In a review I wrote a while back about a beautiful Samsung 55 inch TV, I took a moment out to whinge about its default ‘Sharpness’ setting for the picture. Out of the box, most of the settings produced a quite nice quality picture, except that it is all undone by the default ‘Sharpness’ control.
So what does a sharpness control do? And why was it wrecking the picture of this TV?
This control does pretty much what its name suggests: it makes the picture look sharper than it actually is. Hard edges on objects on the screen stand out more, as though the camera were more closely focused, or the picture was of higher resolution than it is.
But all this is a mere impression, and comes at considerable cost in picture quality. ‘Sharpness’ controls increase the sense of sharpness by increasing the contrast at those hard edges. This is best shown with pictures. Here we have a test pattern from the Digital Video Essentials Blu-ray test disk:
As you can see, it consists of sharply etched white and black elements on a mid-grey background (the picture didn’t scale down very cleanly, so the detail isn’t as clear as it might be). I photographed this pattern on the Samsung TV with its default picture settings. Here is the circle at the centre of the picture, photographed with the default ‘Sharpness’ setting of 50, on a scale of 0 to 100.
Notice how the black text and lines all have this light grey, almost white-seeming, halo around them?
Now, let’s turn down the setting to 0:
As you can see, all those lines and text are now smooth and full, and free of those halos.
The picture from the Blu-ray test disc is a full 1,920 by 1,080 pixels. It needs no sharpening. All that the alleged sharpening process does is distort it. On actual video material, those halos give the picture and edgy, harsh look and frequently obscure actual detail.
I’m picking on Samsung here, but only because it was a Samsung TV on my test bench right when I was writing this. Many other brands also have the Sharpness kicked up by default, and they all do an equally poor job.

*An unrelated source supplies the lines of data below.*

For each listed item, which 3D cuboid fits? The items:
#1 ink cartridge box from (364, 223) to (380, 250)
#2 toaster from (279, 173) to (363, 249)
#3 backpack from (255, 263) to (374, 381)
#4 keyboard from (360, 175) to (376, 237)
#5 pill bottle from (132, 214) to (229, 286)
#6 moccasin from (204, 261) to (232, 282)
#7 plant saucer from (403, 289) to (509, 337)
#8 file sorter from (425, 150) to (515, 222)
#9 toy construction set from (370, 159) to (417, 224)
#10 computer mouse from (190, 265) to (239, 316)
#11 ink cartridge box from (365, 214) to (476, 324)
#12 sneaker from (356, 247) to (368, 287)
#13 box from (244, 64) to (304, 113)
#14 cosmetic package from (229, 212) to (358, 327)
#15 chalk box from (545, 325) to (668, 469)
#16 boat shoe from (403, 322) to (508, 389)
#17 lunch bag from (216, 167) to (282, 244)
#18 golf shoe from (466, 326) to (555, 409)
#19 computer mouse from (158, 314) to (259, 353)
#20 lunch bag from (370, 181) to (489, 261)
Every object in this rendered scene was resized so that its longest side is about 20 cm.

Some things to note. First, if you are finding the picture painfully soft and fuzzy to the point of discomfort, then of course feel free to use the Sharpness control to see if it can add just a bit of an edge. For example, an intermediate setting (ie: 25) on this TV looks like this:
There is a noticable boost in sharpness with this setting, and if you look carefully you can only just see light halos around the material. It is distorted, but with some content a small amount of distortion may be preferable to give a subjectively better sense with particular material. I’m a purist with my watching, in large part because that’s my job. But your system is, after all, for home entertainment, not home conformance-to-some-ideal.

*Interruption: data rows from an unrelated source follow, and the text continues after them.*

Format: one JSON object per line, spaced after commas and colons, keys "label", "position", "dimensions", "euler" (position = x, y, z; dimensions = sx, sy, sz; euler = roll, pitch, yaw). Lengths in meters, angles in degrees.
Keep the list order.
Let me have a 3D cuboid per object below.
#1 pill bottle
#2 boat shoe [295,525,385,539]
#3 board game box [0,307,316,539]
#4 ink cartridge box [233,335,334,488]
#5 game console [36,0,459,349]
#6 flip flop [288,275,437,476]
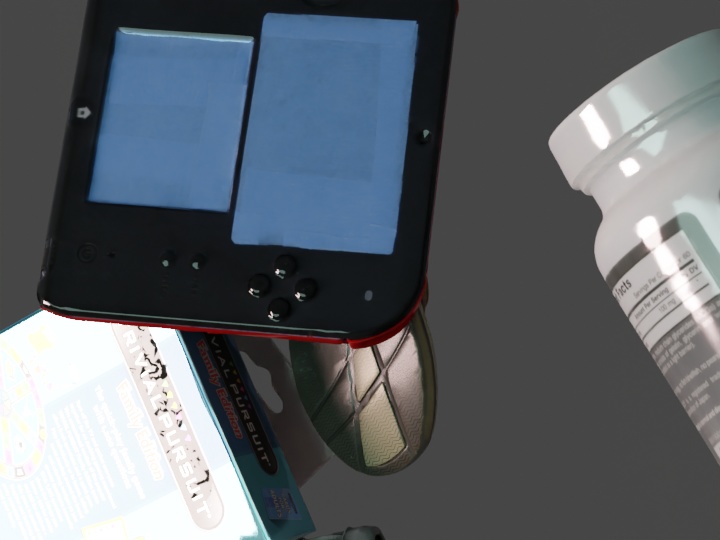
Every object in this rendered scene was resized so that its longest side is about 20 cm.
{"label": "pill bottle", "position": [0.172, 0.004, 1.082], "dimensions": [0.116, 0.116, 0.200], "euler": [-36, 77, 26]}
{"label": "boat shoe", "position": [0.015, 0.209, 1.134], "dimensions": [0.062, 0.073, 0.200], "euler": [-25, 74, 9]}
{"label": "board game box", "position": [-0.138, 0.098, 1.219], "dimensions": [0.200, 0.047, 0.151], "euler": [-28, 80, 26]}
{"label": "ink cartridge box", "position": [-0.117, 0.109, 1.275], "dimensions": [0.200, 0.067, 0.116], "euler": [-45, 74, 24]}
{"label": "game console", "position": [-0.050, -0.064, 1.171], "dimensions": [0.177, 0.031, 0.200], "euler": [6, 68, 3]}
{"label": "flip flop", "position": [0.000, 0.000, 1.213], "dimensions": [0.081, 0.058, 0.200], "euler": [-34, 63, 35]}

Second, with most TVs the ‘zero’ setting allows the original picture to come through unprocessed. Any positive setting applies the sharpness processing. But some brands actually have the real picture somewhere in the middle of their range, and reducing the setting below that actually softens or defocuses the picture. Just be a little careful that you don’t overdo it.
Third, some TVs and displays have other settings with names like ‘Detail Enhancement’ which do similar things. If your picture seems edgy even with the Sharpness control turned down, explore the ‘Advanced’ picture menu to see if there’s a control like that.
Finally, when you first turn down the sharpness control, the picture may well look soft to your eyes. You will be tempted to wind the control back up again.
Do yourself a favour and just leave this artificial process off for an hour. If it still troubles you, then turn it back up. But it’s likely that you will very soon come to enjoy the increased amount of real detail now made available by the picture, along with its smoother more film-like quality.
To conclude, I should note that in preparing this Web version of this article I was quite unimpressed about the loss of detail when I scaled down the full screen shot shown first above. But this has actually turned into a useful illustration. For comparison, I took the full screen shot with the Sharpness control turned down to 0 — where it belongs — and scaled down that to the same 620 pixels of width. Here it is:
Notice how you can see all the detail missing from the ‘Sharpened’ version above?
[A version of this was published in Sound and Image magazine in 2011].